The task:
Return every line from the records below with the string "boundary".
^^^^^^^^
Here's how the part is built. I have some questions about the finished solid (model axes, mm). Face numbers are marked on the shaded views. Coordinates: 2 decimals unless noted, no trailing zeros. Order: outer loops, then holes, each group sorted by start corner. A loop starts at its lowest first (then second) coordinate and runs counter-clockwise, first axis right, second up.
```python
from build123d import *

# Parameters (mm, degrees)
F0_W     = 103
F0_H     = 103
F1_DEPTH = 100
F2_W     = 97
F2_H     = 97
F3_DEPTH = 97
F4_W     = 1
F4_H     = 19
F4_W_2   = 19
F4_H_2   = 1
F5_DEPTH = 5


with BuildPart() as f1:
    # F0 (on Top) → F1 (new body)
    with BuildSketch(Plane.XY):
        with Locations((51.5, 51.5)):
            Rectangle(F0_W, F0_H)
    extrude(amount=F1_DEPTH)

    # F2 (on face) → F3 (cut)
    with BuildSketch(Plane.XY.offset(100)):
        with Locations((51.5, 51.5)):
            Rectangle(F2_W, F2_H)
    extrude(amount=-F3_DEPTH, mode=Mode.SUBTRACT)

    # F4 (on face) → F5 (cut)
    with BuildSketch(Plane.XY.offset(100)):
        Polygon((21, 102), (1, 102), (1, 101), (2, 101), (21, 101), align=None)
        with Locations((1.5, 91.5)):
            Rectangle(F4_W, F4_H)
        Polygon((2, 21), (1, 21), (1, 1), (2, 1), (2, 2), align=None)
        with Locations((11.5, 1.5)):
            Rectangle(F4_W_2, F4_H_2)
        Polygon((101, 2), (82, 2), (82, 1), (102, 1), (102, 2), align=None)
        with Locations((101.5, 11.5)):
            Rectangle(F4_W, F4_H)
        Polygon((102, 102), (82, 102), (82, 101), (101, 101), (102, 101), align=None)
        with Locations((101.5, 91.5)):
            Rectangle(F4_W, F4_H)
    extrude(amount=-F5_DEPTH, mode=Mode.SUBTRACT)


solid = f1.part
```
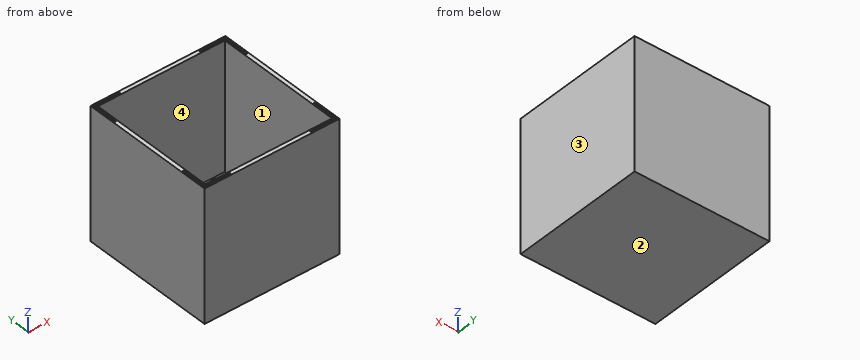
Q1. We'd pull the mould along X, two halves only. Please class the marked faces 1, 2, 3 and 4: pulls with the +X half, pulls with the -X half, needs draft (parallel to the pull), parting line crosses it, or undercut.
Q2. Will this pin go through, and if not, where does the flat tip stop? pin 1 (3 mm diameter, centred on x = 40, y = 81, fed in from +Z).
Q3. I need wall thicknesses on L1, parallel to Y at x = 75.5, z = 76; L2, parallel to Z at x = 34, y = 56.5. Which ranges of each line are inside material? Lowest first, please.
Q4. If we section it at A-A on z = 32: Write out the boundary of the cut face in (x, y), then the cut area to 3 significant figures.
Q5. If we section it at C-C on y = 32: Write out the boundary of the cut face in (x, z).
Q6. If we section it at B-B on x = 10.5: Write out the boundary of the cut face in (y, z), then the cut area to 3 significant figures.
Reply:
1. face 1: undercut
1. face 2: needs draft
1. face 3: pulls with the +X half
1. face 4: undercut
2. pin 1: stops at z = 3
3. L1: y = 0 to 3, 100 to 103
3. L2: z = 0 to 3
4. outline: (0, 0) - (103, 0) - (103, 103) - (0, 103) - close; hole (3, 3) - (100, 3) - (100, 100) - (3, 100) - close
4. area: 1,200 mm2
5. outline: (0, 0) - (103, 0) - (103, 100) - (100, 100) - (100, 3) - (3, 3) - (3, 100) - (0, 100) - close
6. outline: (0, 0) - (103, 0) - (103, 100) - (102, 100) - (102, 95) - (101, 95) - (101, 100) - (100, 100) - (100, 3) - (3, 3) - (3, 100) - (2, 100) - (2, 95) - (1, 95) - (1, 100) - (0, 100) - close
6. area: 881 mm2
^^^^^^^^
Answer box:
Q4. If we section it at A-A on z = 32: Write out the boundary of the cut face in (x, y), then the cut area to 3 significant figures.
Q5. If we section it at C-C on y = 32: Write out the boundary of the cut face in (x, z).
Q6. If we section it at B-B on x = 10.5: Write out the boundary of the cut face in (y, z), then the cut area to 3 significant figures.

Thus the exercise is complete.